The next macro variables define network settings: • hidden_b and hidden_d respectively define the number of hidden units in the

binary and interval target components. • d_error defines the error distribution for the interval target component. • d_act defines the activation function for the interval target component. • objective defines the object function. • random_seed defines the random number used for parameter initialization.

*** NETWORK *****************************; %let hidden_d = 3; %let hidden_b = 3; %let d_error = gamma; %let d_act = exponential; %let objective = likelihood; %let random_seed = 90567;

The network is configured to use an exponential activation function with a gamma distribution for the target error distribution. This is similar to the network used in the earlier demonstration “Using Advanced Neural Networks.”
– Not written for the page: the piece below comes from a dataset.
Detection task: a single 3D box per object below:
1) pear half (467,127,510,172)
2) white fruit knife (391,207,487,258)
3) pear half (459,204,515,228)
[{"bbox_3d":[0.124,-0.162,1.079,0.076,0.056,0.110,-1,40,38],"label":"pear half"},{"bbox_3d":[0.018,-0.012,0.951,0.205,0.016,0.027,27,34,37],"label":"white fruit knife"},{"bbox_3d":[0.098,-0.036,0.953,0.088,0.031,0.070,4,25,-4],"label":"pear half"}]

The DMDB procedure creates a modeling-ready data set for the NEURAL procedure. DMDBCAT is a catalog containing metadata information about the variables in the DMDB. The NEURAL requires both the DMDB dataset and catalog for modeling. proc dmdb data=&_train out=dmdbtrain dmdbcat=dmdbtraincat; var &b_intrvl &d_intrvl &d_target; class &b_class &d_class &b_target ; run;

The next statement suppresses the output from the NEURAL procedure. The output, network settings and parameter estimates, is of limited interest in this demonstration. ods listing close;

The NEURAL procedure is called. The options define the DMDB data set and catalog, the validation data (used for early stopping), and the random seed (used for initialization). proc neural data=dmdbtrain dmdbcat=dmdbtraincat validata=&_valid random=&random_seed;


The INPUT, HIDDEN, and TARGET statements define groups of variables within the neural network. Each group can then be referred to later by the name supplied in the ID argument.
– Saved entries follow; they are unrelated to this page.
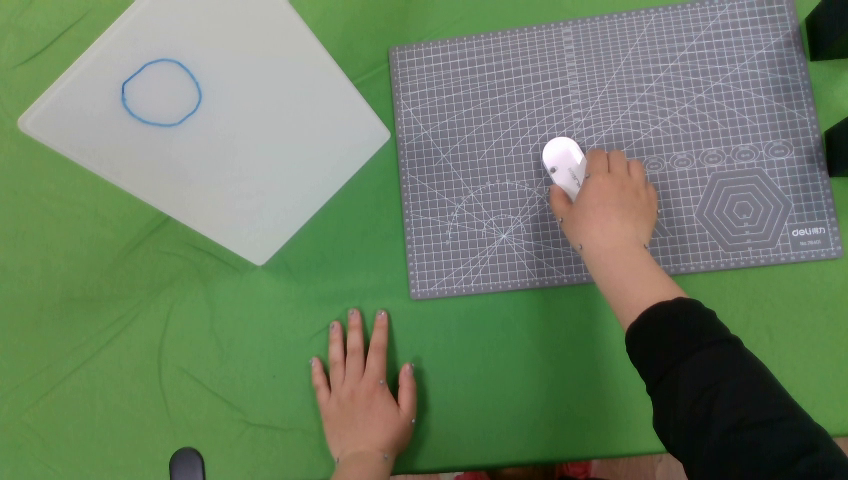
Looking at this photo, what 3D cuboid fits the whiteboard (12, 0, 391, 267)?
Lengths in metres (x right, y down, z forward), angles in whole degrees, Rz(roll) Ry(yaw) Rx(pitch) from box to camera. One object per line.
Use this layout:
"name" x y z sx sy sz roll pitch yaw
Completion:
"whiteboard" -0.209 -0.143 0.602 0.217 0.308 0.142 -45 59 0

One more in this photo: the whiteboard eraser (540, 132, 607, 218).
"whiteboard eraser" 0.161 -0.071 0.654 0.041 0.019 0.101 -29 80 3

For TARGET nodes, the error distribution, ERROR, and activation functions, ACT, can be supplied. *** input nodes; input &d_intrvl / level=interval id=d_intrvl_inputs; * input &d_class / level=nominal id=d_class_inputs; input &b_intrvl / level=interval id=b_intrvl_inputs; input &b_class / level=nominal id=b_class_inputs; *** hidden nodes; hidden &hidden_d / id=hidden_d; hidden &hidden_b / id=hidden_b; *** target nodes; target &d_target / level=interval error=&d_error act=&d_act id=d_target; target &b_target / level=nominal id=b_target;

Because there are no class inputs for the interval target component, the definition for input node d_class_inputs is commented out.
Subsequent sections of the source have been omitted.